Stunden wie zähflüssige Marmelade. Die Ruhe bohrt, und dennoch wünsche
ich mir, dass es genau so bleibt. Nacht vor den Fenster, die Patienten
schlafen. Seidenpapierstille, die jeden Moment zerbrechen kann.
M. F., 73, Pneumonie. Im Spital fühlte ich mich wirklich wohl. Klar
wollte ich auch wieder nach Hause, aber es war eine angenehme Erfahrung.
J. G., 46, Meniskusriss. Die Ärzte waren freundlich, kompetent und
nahmen sich Zeit. Es hat mich jedoch gestört wenn sie Fachbegriffen
verwendet haben.
Ich streife durch die leeren Gänge. Im weissen Mantel bin ich Ärztin.
Wie eine zweite Haut, denke ich. Ich lasse mich in der Umkleide zurück
und werde sie.
Eine verwirrte Patientin will mitten in der Nacht nach Hause. Wegen
ihrem Hund, sagt sie. Ich weiss nicht, ob sie einen Hund besitzt.
Vielleicht hatte sie früher einen. Wir überreden sie noch ein wenig
weiter zu schlafen.
T. G., 57, St. n. Schildrüsenkarzinom. Meine Ärzte haben mich
medizinisch gut behandelt. Ich lebe immer noch und zwar nicht schlecht.
E. N., 35, Lungenembolie. Gesundheit bedeutet für mich viel und ich
sollte mehr dafür tun. Ich versuche es auch täglich, habe aber meistens
zu wenig Wille.
Ich denke an die sechs Jahre Studium, an die vielen Bücher und
Prüfungsbogen. Damals hat ein kleines Kreuzchen bei A, B oder C genügt.
Richtig oder falsch. Jetzt fragt keiner nach A, B oder C. Stattdessen
wühle ich mich durch die unzähligen Schränke auf dem Notfall auf der
Suche nach einer Pinzette, einem Medikament, einer Nierenschale.
P. Z., 34, Mandeloperation mit 6 Jahren. Ich erinnere mich wie ich mit
Schürze und "Badekappe" eingekleidet, auf den Stuhl gehoben wurde und
sie mir die stinkende Watte vor meine Nase hielten.

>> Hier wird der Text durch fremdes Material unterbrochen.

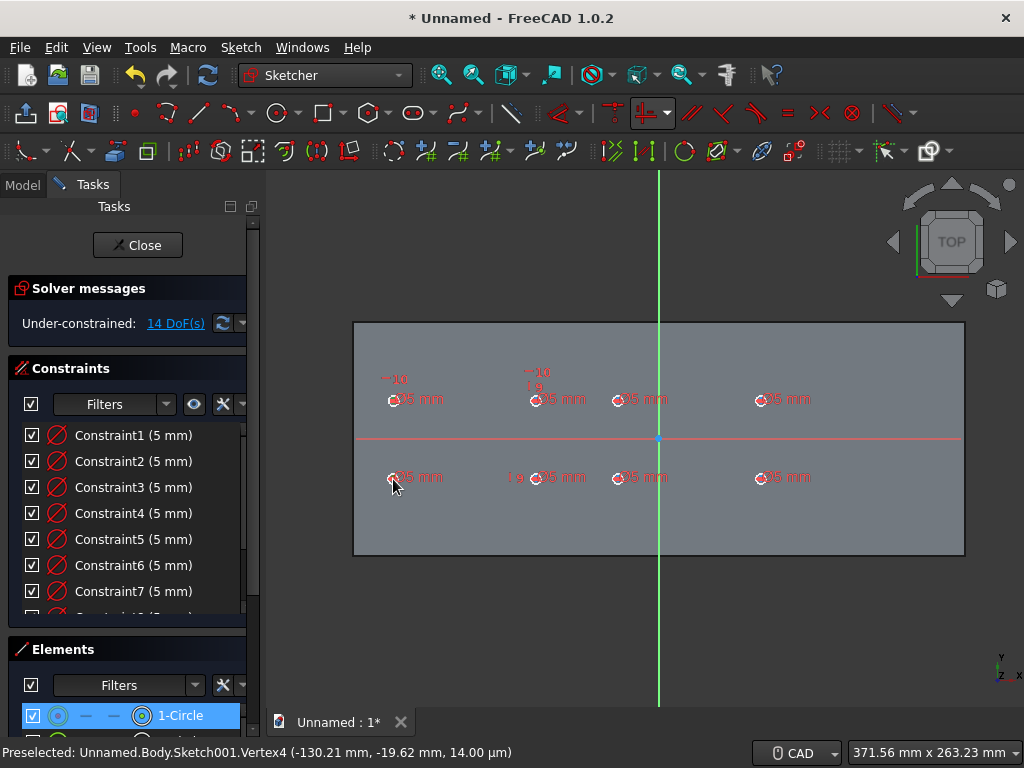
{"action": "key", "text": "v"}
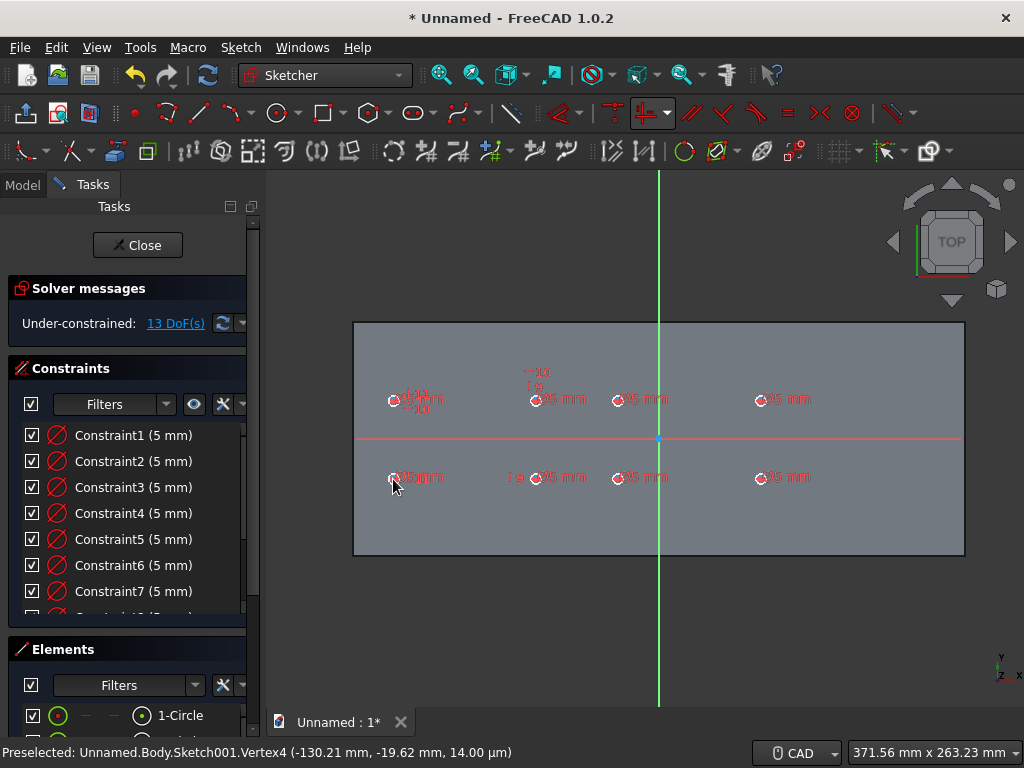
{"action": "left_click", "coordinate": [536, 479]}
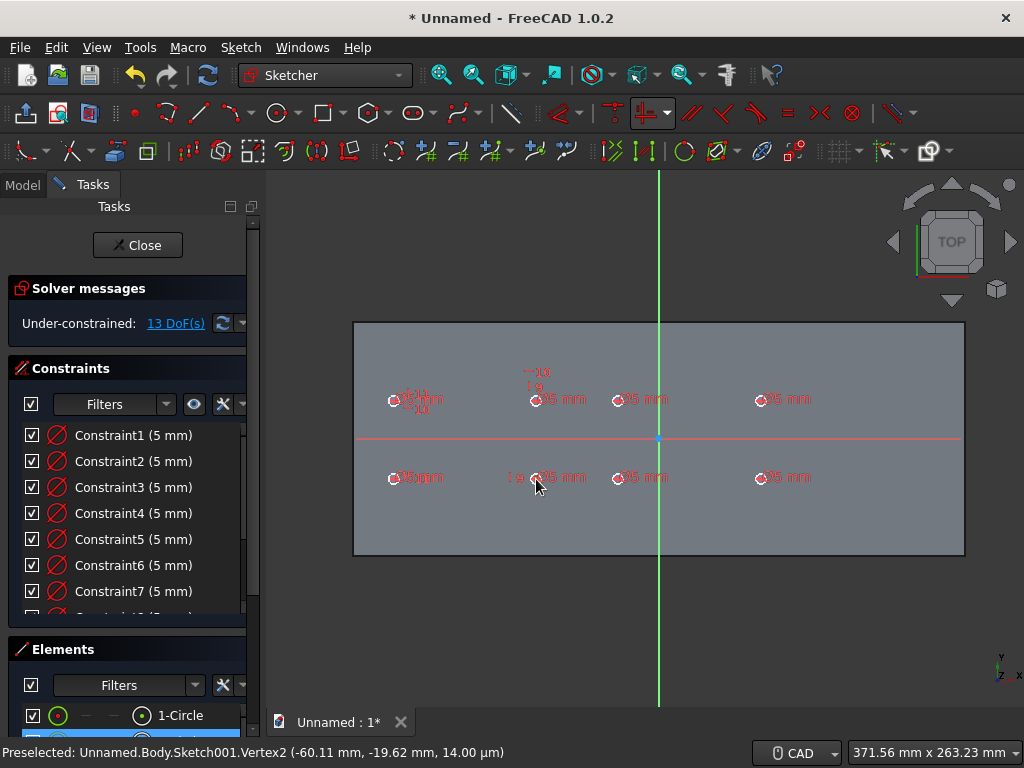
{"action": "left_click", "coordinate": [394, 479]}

H. T., 50, Besucher. An einer Operation fände ich besonders schlimm, zu
wissen, dass den Ärzten oder Schwestern einen Fehler unterlaufen könnte,
sie sind auch nur Menschen.
Kaiserschnitt um Mitternacht. Wenn plötzlich das Telefon klingelt und
dir gesagt wird, dass du in fünfzehn Minuten im Operationssaal gebraucht
wirst.
Ich erinnere mich, als ich das erste Mal mit Mundschutz und Haube die
gefliesten Räume mit dem grellen Licht betreten hatte. Ich denke daran
wie sehr mich die Wärme des Patienten unter den sterilen Tüchern
irritierte. Wie mir schwindelig wurde. Frisches Blut riecht nach Eisen.
Koaguliertes Gewebe stinkt. Aber man gewöhnt sich daran.
A. S., 59, Rippenserienbruch. Ich hatte bis jetzt nur eine unangenehme
Erfahrung im Spital: Das Aufwachen aus der Narkose nach der
Gallenblasenoperation war unangenehm. Ein Gefühl wie Ersticken oder
Ertrinken.
J. Z., 61, koronare Herzkrankheit. Die Ärztin die die Untersuchung gemacht
hat war richtig witzig und gut drauf, aber trotzdem sehr professionell.
Nach langen Stunden wandelt sich der Himmel von schwarz über grau zu
blau. Erstes Vogelgezwitscher. Eine weitere Nacht gut überstanden, denke
ich, und trete nach dem Rapport in den Morgen hinaus. Ich wünsche meinen
Kollegen einen guten Tag während sie mich mit "schlaf gut"
verabschieden.
(Die Zitate sind in leicht abgewandelter Form echt und stammen von Freunden und Bekannten. Alter, Diagnose und Initialen sind frei erfunden.)